RALEIGH — Sister Attracta Kelly was living and working in the Dominican Sisters mother-house in the late 1980s when she got a call from a nonprofit organization in Detroit that serves political refugees.
Would her Roman Catholic convent temporarily house a group of people fleeing persecution in Guatemala and El Salvador?
So began two years of civil disobedience during which Kelly and the other sisters hid Central American refugees while they completed paperwork to settle in Canada. During the day, the sisters taught the adults English; the children attended a Montessori school on the grounds of the Adrian, Mich., convent.
The experience redirected Kelly's calling to a career in law and brought her to North Carolina 10 years ago to lead the N.C. Justice Center's Immigrant Legal Assistance Project.
"I decided I could do much better if I knew the law," Kelly said. "You can't keep hiding people forever."
Since 1999, she has defended hundreds of immigrants whom the U.S. government wanted to deport and has trained countless other lawyers who work with the state's burgeoning immigrant population. Most of those immigrants have been asylum seekers.
Kelly, who left the Justice Center last month, is now leaving North Carolina to return to the mother-house in Michigan, this time as "prioress" or mother superior of her order.
"I feel really sad," said Paulina Rodriguez Ortega of Raleigh, a former judge from Colombia who won political asylum with Kelly's help. "Whenever I had a problem, I would go to her and say, 'I need help.' She was always open to helping."
Ortega, who fled Colombia after being threatened by paramilitary groups, said Kelly also intervened on her behalf with an employer who was reluctant to hire her before the courts had settled her asylum case. She counseled Ortega's son when he was feeling lost. She helped prepare mother and son for their upcoming citizenship tests.
Kelly could easily spend the next few years preparing to retire and scaling back her professional ambitions. Instead, she is ramping up, taking charge of an order with 845 nuns in the United States, the Dominican Republic, Puerto Rico, Kenya and Canada.
Side of the oppressed
Like many religious sisters, she feels called by God - in her case to help the oppressed.

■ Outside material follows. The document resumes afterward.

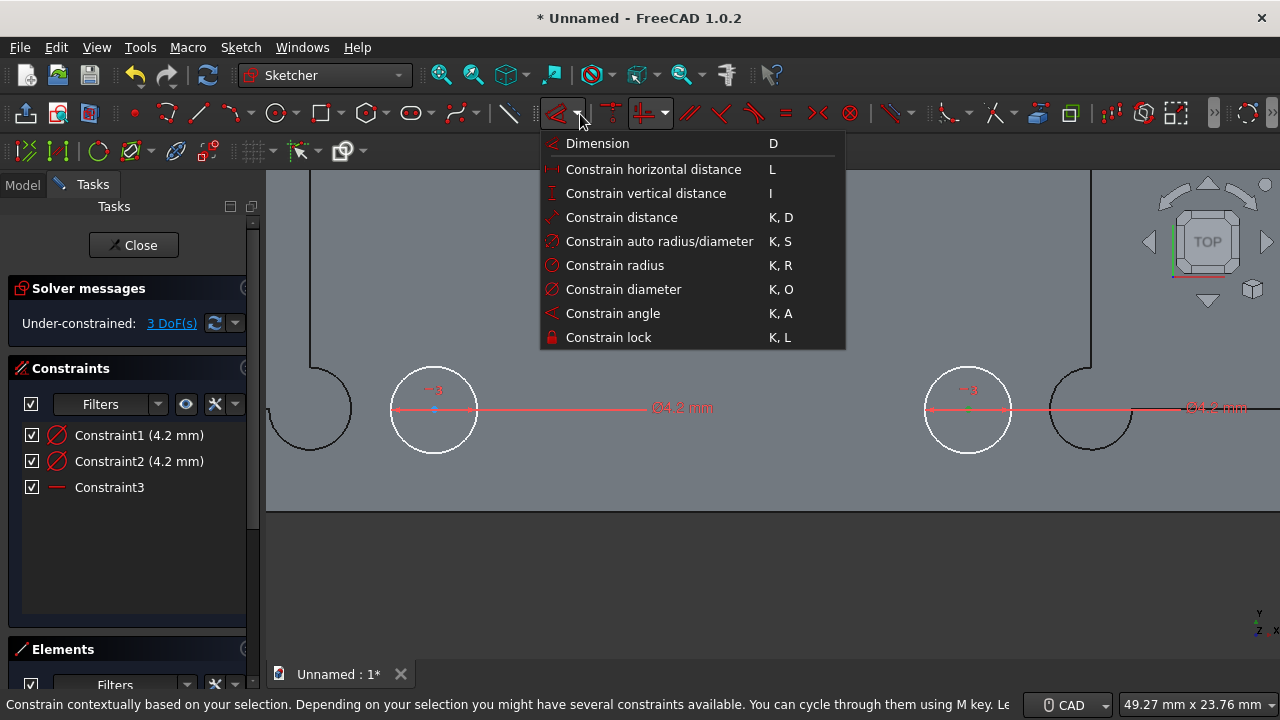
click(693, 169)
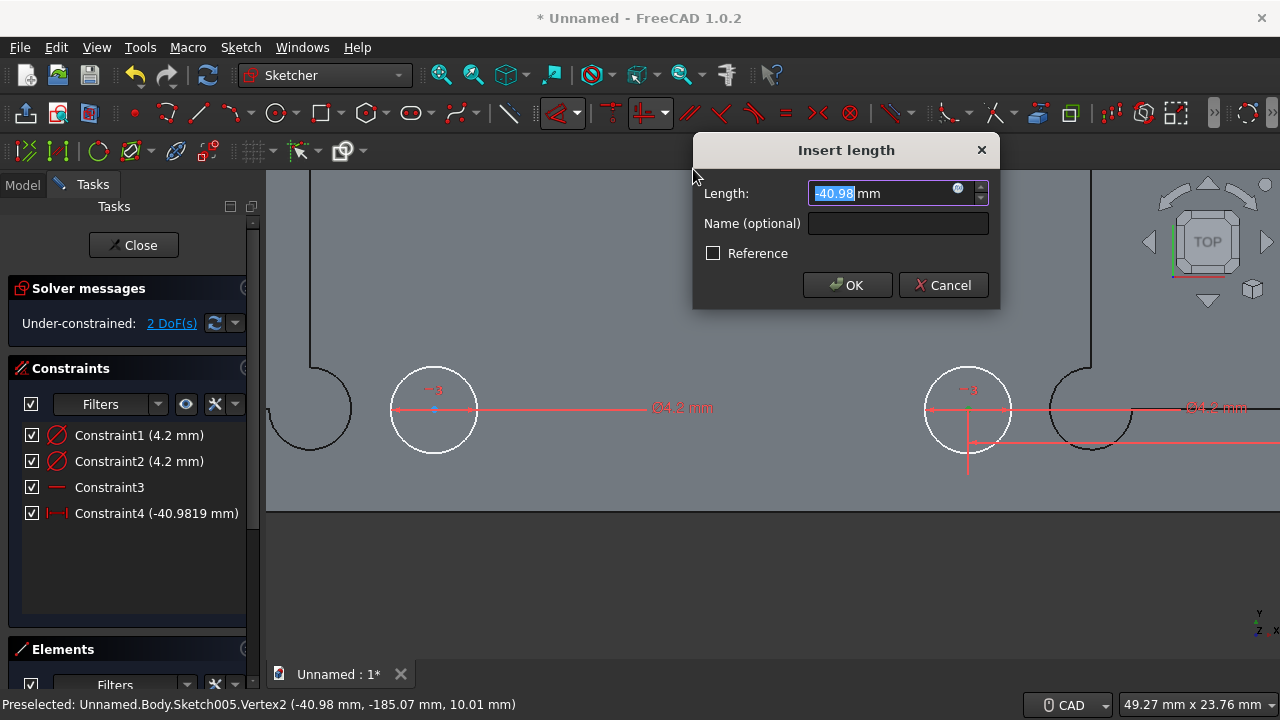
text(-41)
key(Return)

It's a calling she said she shared with her father, a farmer active in the political fight for Ireland's independence in the early part of the 20th century.
Growing up Catholic in County Roscommon, Kelly was well aware of the violence and discrimination that the British government directed at the nationalists.
"We learned history from the side of the oppressed," she said.
Even her name, Attracta, testifies to her Celtic roots. Little is known of the fifth or sixth century St. Attracta. She might have been a Celtic goddess co-opted by the church, Kelly said.
At age 18, Kelly arrived in the United States to visit a cousin who was a Dominican sister. Soon after, she entered the convent herself.
In the mid-1960s, the Dominican Sisters defined their spiritual gift as helping the oppressed and empowering people to speak for themselves. It was a gift Kelly felt deeply within her own identity.
But if she wasn't quite prepared to hide persecuted refugees, she soon came to believe it was the right thing to do.
In the 1980s, the U.S. military began funding and training Central American armies to fight communist rebels. Many civilians suspected of being left-leaning were tortured, killed or simply disappeared.
Those who could fled. But because the United States denied them asylum, religious congregations stepped in, offering shelter, food and legal advice. The religious response, often called the Sanctuary Movement, united Catholics and Protestants in something akin to a 20th century Underground Railroad.
But Kelly quickly realized she would rather fight for the refugees' legal status than help them cross the border. She began legal studies in 1993, graduating three years later from Catholic University's Columbus School of Law in Washington.
Since then, she has helped hundreds of people the government was trying to deport, not just Hispanics but also, more typically, Africans and Asians.
She gets frustrated when she reads letters to the editor from people impatient with the soaring number of people who live in this country illegally. She said it's nearly impossible to get a visa to live and work legally in the United States. Although the State Department has a green-card lottery program, it is available only for people from countries with low rates of immigration. Mexico and China, for example, don't qualify. For most of the rest, a legal existence in the United States is unattainable.
Divisions not deep
Kelly would like to see the U.S. provide more foreign economic development aid. She is convinced that if people had work in their native countries, they wouldn't be so eager to leave.
She often debates these points with Thomas O'Connell, the agent in charge of the Immigration and Customs Enforcement office in Cary.
"Her opinions and mine are not diametrically different," he said.
O'Connell said he enjoyed working with Kelly and is sorry to see her go.
Kelly hopes more people realize that the divisions between legal and illegal are not that deep or fundamental.
"It's when we divide ourselves into us vs. them that we can ignore what happens to them because we think there's a difference between them and us," she said. "I look at it all as 'us.' We all came from the same creator."